The Cherry and Whites’ victory secured them the English Premiership’s place in the play-offs system for a place in next season’s elite Champions Cup. In it they will first play the seventh-placed team in the Guinness Pro12 – which is currently Edinburgh – and then the winners of that would face the eighth-placed team from the French Top 14.

Edinburgh are a point behind sixth-placed Scarlets and four ahead of Connacht in eighth. Their final two Pro12 games are away to Newport Gwent Dragons – the team they routed to reach the Euro final – this Friday and then home to deposed champions Leinster, who have nothing left to play for, on the final Saturday of the regular season. Scarlets’ final fixtures are Cardiff at home and Treviso away. Connacht finish up with Zebre away and Ospreys at home. On paper, you would have to say the Welsh side would be favourites, which, assuming Edinburgh hold on to seventh spot, would see them facing Gloucester.

Edinburgh skipper Mike Coman said of the potential rematch: “Our first goal is to finish sixth but if that does happen it would be nice to get another shot at them.”

Coach Alan Solomons said he was confident his players would bounce back from the pain of losing the final and be firing for Friday’s huge match at the Dragons: “The one thing we have prided ourselves on is our resilience,” said the South African. “The guys are determined to see the season out in style.
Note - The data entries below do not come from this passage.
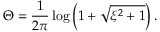Convert formula to latex. <formula><loc_0><loc_0><loc_500><loc_500>\Theta = \frac { 1 } { 2 \pi } \log \left ( 1 + \sqrt { \xi ^ { 2 } + 1 } \right ) .</formula> 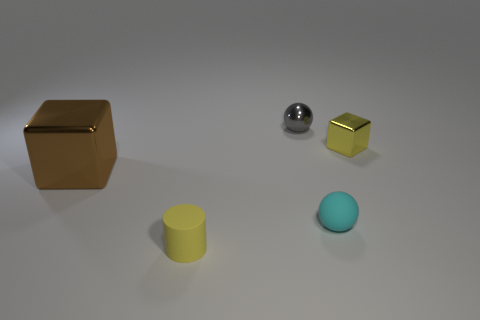Add 1 tiny brown metal cubes. How many objects exist? 6 Subtract all cylinders. How many objects are left? 4 Add 5 tiny red matte cubes. How many tiny red matte cubes exist? 5 Subtract 1 yellow cylinders. How many objects are left? 4 Subtract all tiny blue rubber cylinders. Subtract all tiny yellow cubes. How many objects are left? 4 Add 2 small cyan spheres. How many small cyan spheres are left? 3 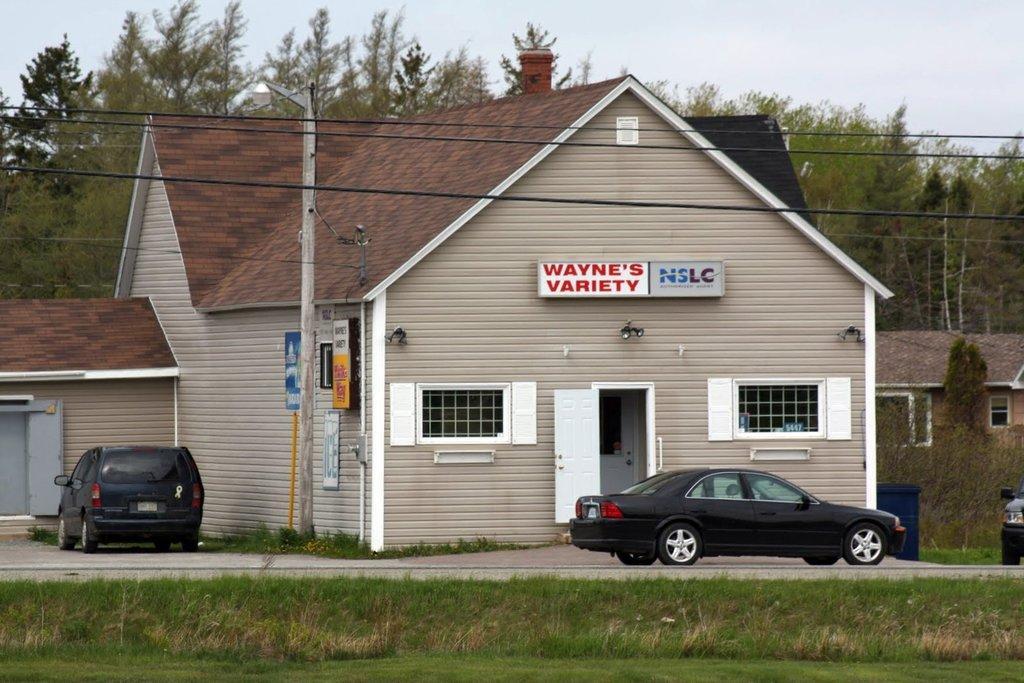How would you summarize this image in a sentence or two? In this image, we can see cars in front of the shelter house. There is a pole in the middle of the image. In the background of the image, we can see some trees and sky. There is a grass on the ground.

But it’s never an easy game at Newport and after what happened in the semi they will look to make it tough for us.”

Solomons was quick to admit it had not been a great performance by his troops but praised the resilience shown. It was not the greatest of games, with cup-final nerves affecting both sides, but it was compelling and great to see a Scottish side involved in this type of occasion. The Edinburgh fans played a vocal part in a raucous atmosphere and will surely now have a taste for more.

Edinburgh were ultimately outclassed in the final for long periods and could have been dead by half-time. But they were brave, hung in there and, following the red carding of Gloucester’s Bill Meakes, got themselves to within a converted score of glory. The bad habit of making mistakes at crucial times resurfaced, though, and a penalty was conceded while pressing in the Gloucester 22 with seven minutes left.

Solomons’ two-year deal is up at the end of the season but he has spoken of his desire to stay and it is expected this will be clarified soon. Some rebuilding will be required, off the pitch as well as on. Edinburgh’s back-room staff is currently dwarfed by Glasgow’s, with Solomons’ assistant, Stevie Scott, also covering the roles of forwards and defence coach.

When looking back at his two years up until now the South African has, with some justification, pointed out that in his first season he arrived late and inherited a poorly conditioned squad in a state of some disarray. This season has seen a steadying of the ship, tangible progress and some excellent results. Next season will be when things will be expected to come together – which means operating in the upper reaches of the Pro12 and being competitive in Europe – whichever of the two competitions they end up in.

After all the hype about his battle with young pretender Sam Hidalgo-Clyne, Scotland skipper Greig Laidlaw made his point with a controlled display and near faultless goalkicking.

Hidalgo-Clyne reflected: “It wasn’t about me and Greig. Obviously that comes with the game but it was about Edinburgh winning the game and unfortunately we didn’t do that.

“It’s my first final and I’m going to take a lot from it. It was a great experience. We were defending for a long period of time and they got on top of us.”

Laidlaw said: “I’ve still got a lot of mates at Edinburgh so it was tough to see them at the end but that is why I came to Gloucester –to win things.”